Потом Розенгольц куда-то тихо скрылся. Казалось, он сотни лет, как вечный дух, прожил в этих комнатах, ибо знал, где что находится и проникал из комнаты в комнату, будто сквозь стены.
Как синий утренний туман, Розенгольц проникал, исчезал и снова бесшумно появлялся…
Мы стали втроем организовывать штаб.
Серенький день расползался по углам комнат. Надменный бронзовый генерал Скобелев слегка заглядывал в окно из любопытства к тому, какой штаб могли организовать мы, мятежники.
К полудню штаб был организован.
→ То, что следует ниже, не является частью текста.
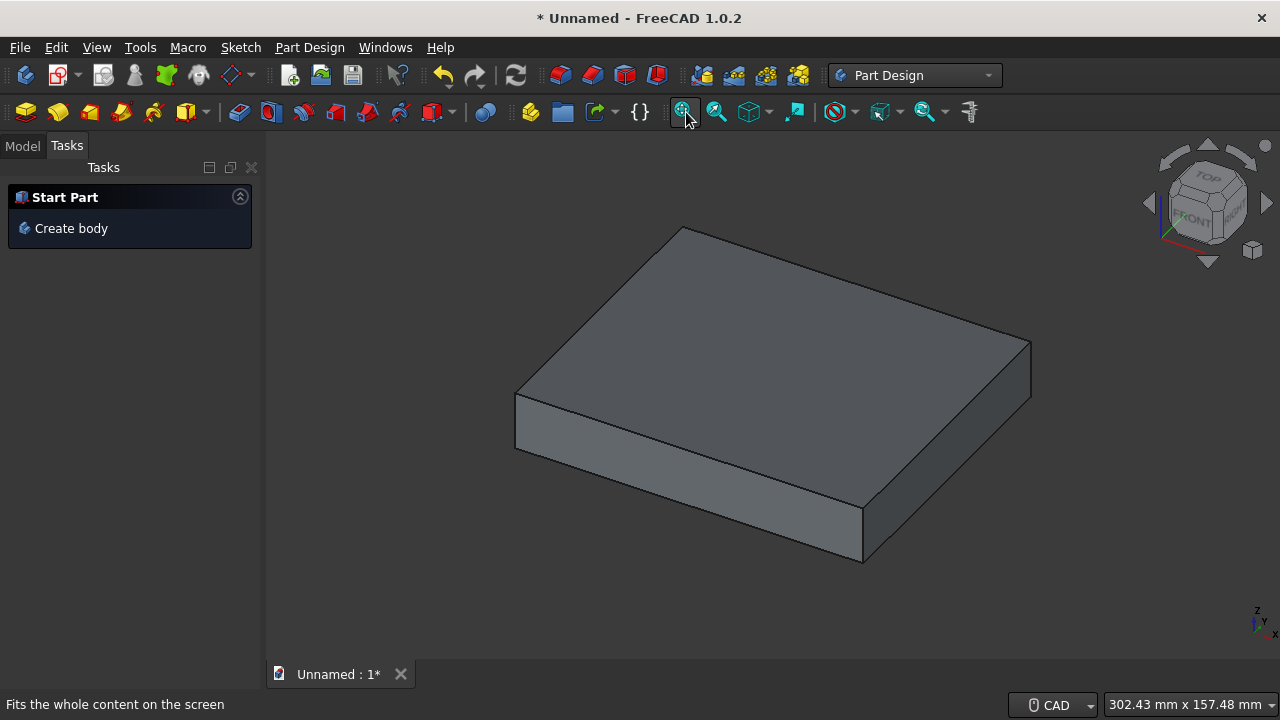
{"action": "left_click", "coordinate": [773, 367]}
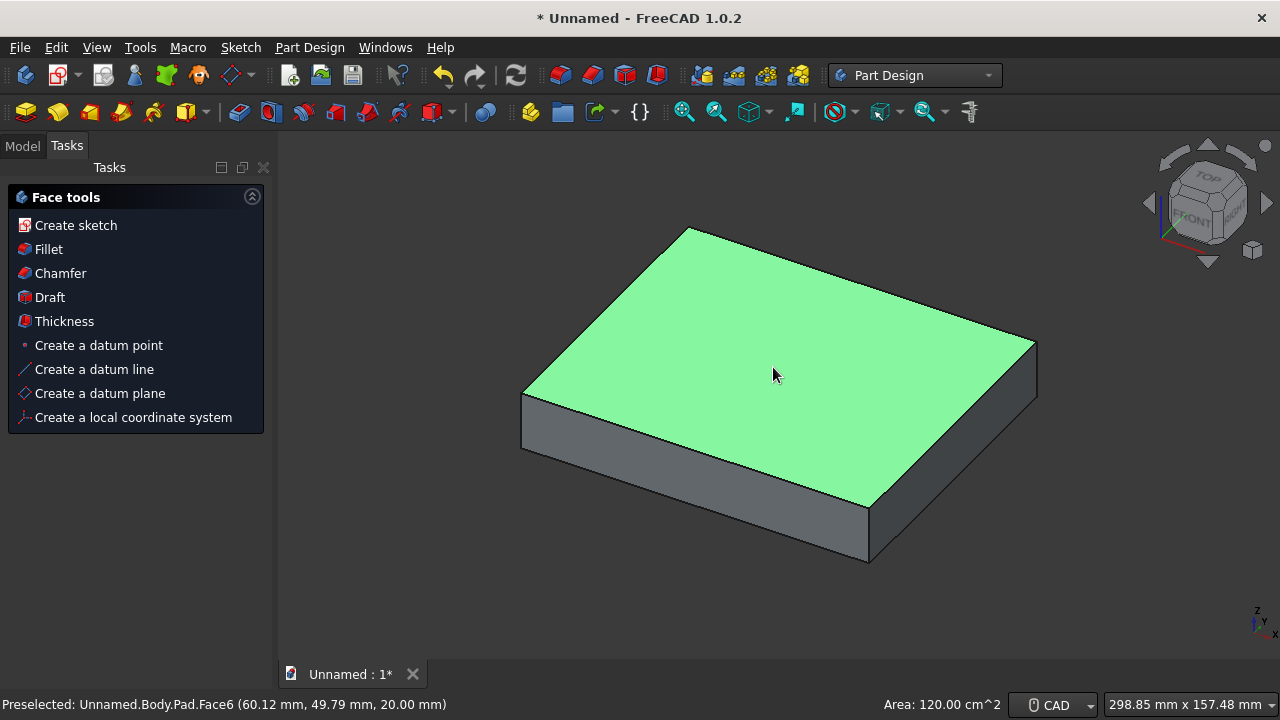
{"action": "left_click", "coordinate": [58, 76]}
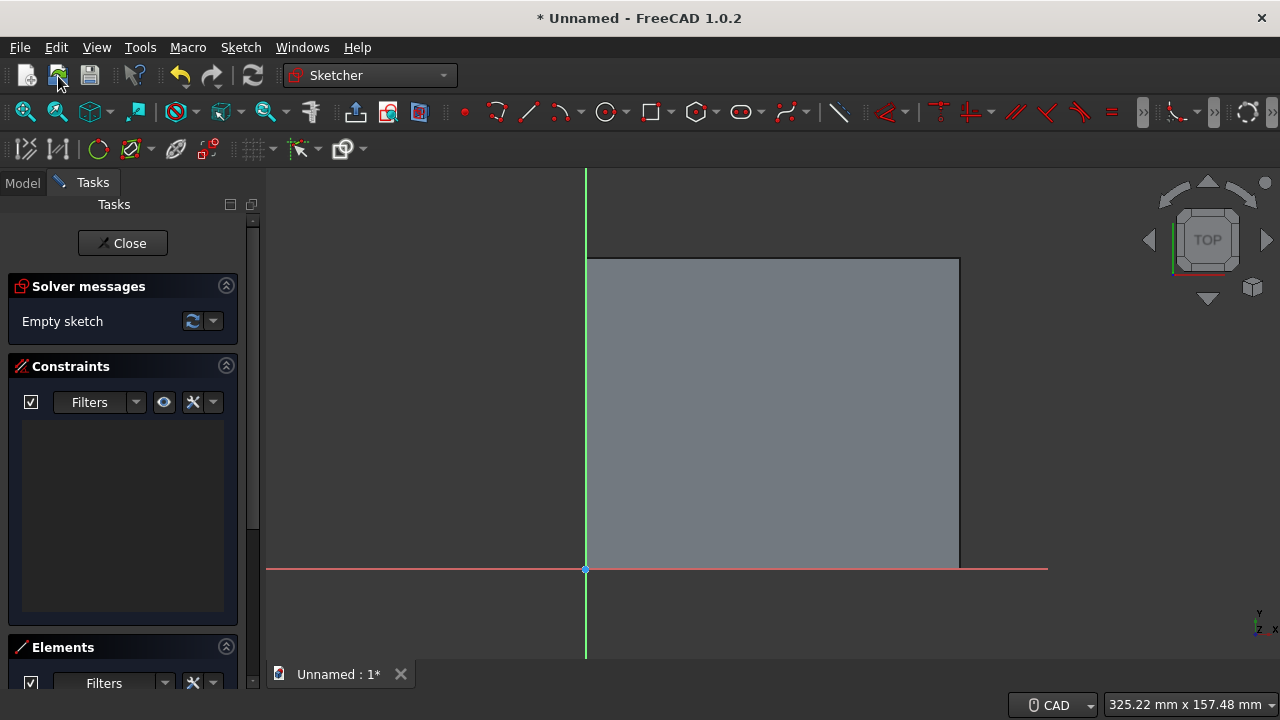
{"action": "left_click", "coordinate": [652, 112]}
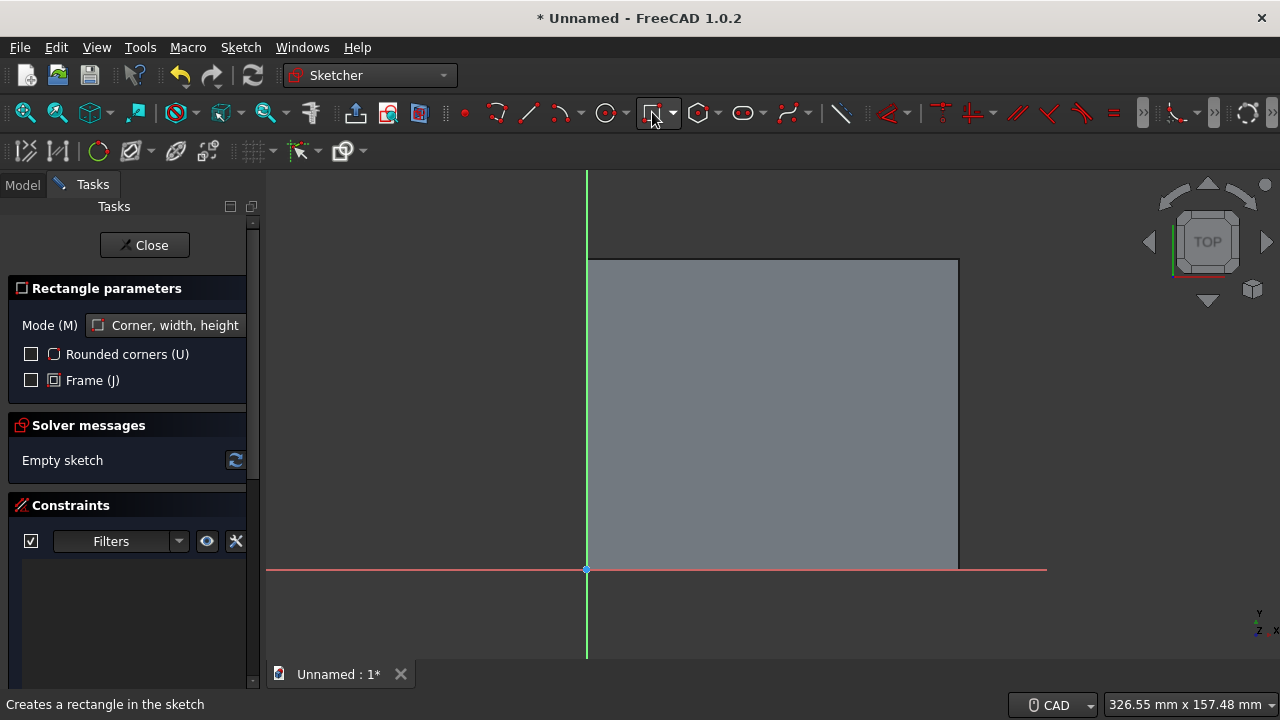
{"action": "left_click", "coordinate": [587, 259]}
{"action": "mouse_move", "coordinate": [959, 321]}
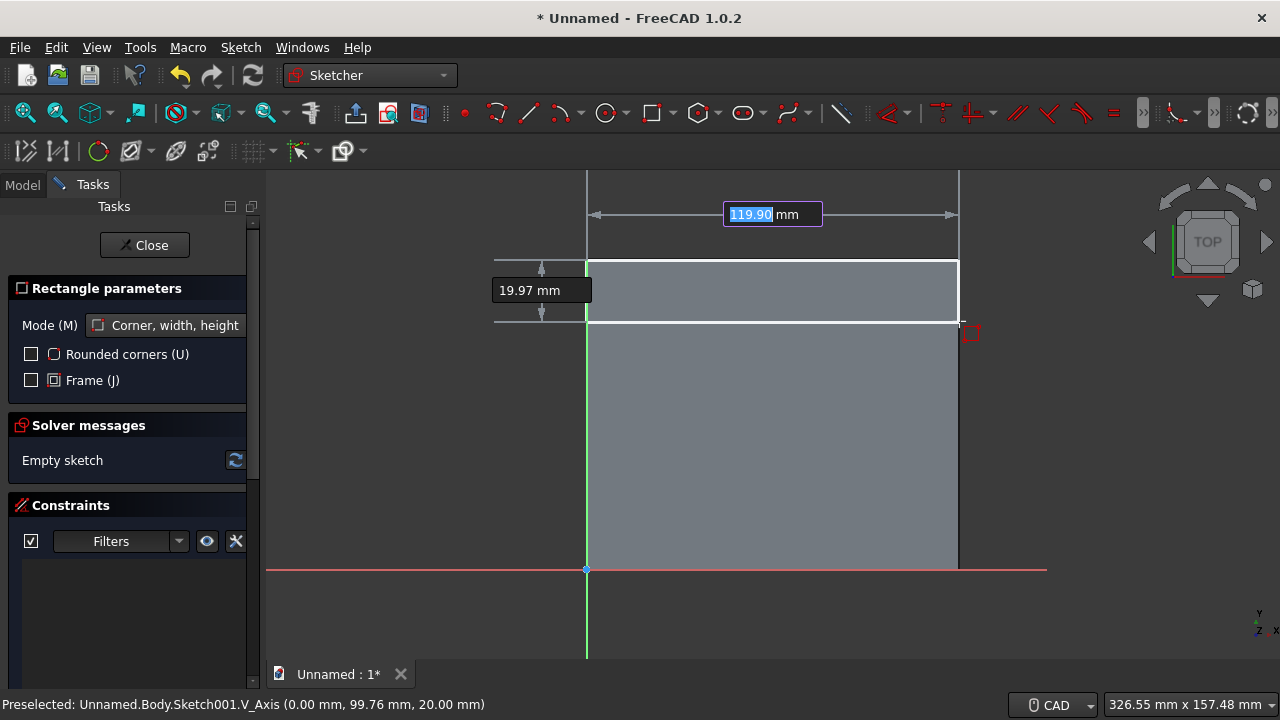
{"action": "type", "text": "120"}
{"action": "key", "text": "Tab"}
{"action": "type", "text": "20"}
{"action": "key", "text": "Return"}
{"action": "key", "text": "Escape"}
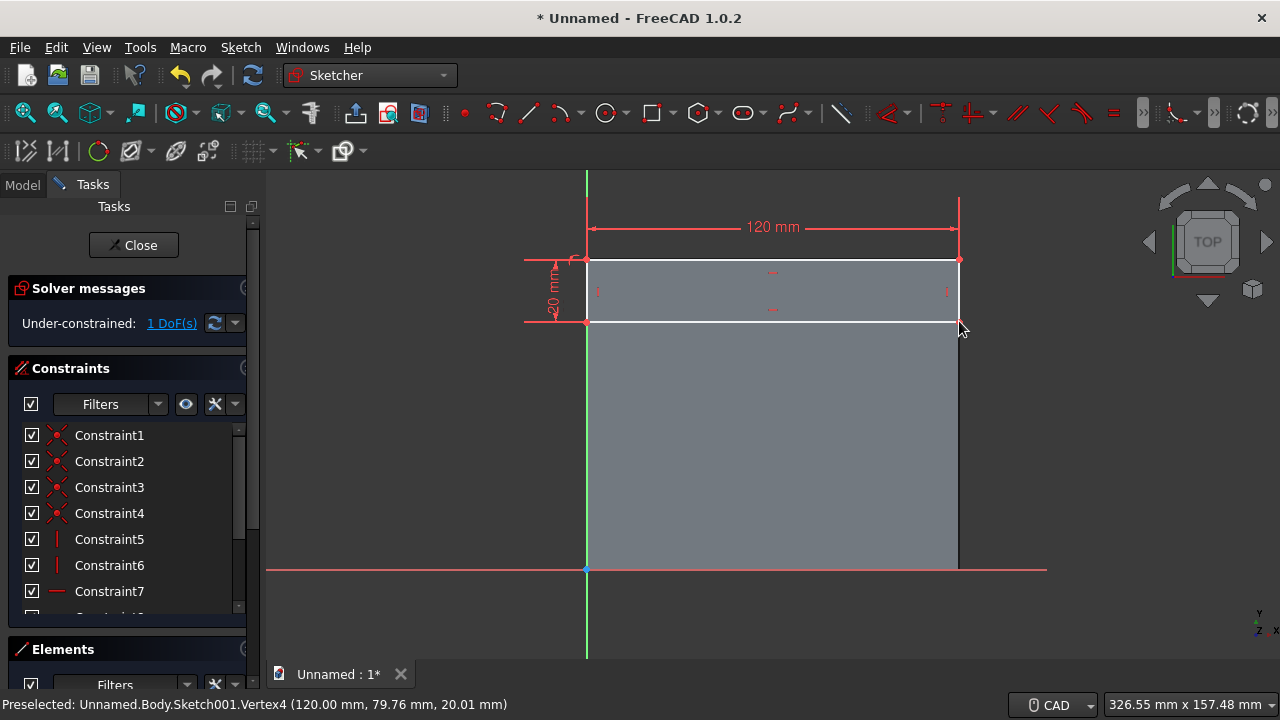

Комната Военно-революционного комитета была рядом со штабом.
Когда я вечером сообщил Розенгольцу о штабе, он слегка улыбнулся. Это означало полное одобрение. Розенгольц всегда одобрял маленьким намеком на улыбку.
Вечером этого дня нашему штабу уже пришлось приняться за работу.
Тут мне вспоминаются «двинцы», сыгравшие крупную роль в нашей военной победе в Москве.
Двинцы — это солдаты-узники Двинской крепости. Из Двинска они были переведены в Москву, где сидели в Бутырках. Фронт и тюрьма спаяли их в единую, сплоченную массу. Сплотившись, каждый из них индивидуально стал выше, чем был раньше. С полным сознанием и святым трепетом каждый из них относился к революции. С врагом они боролись смело.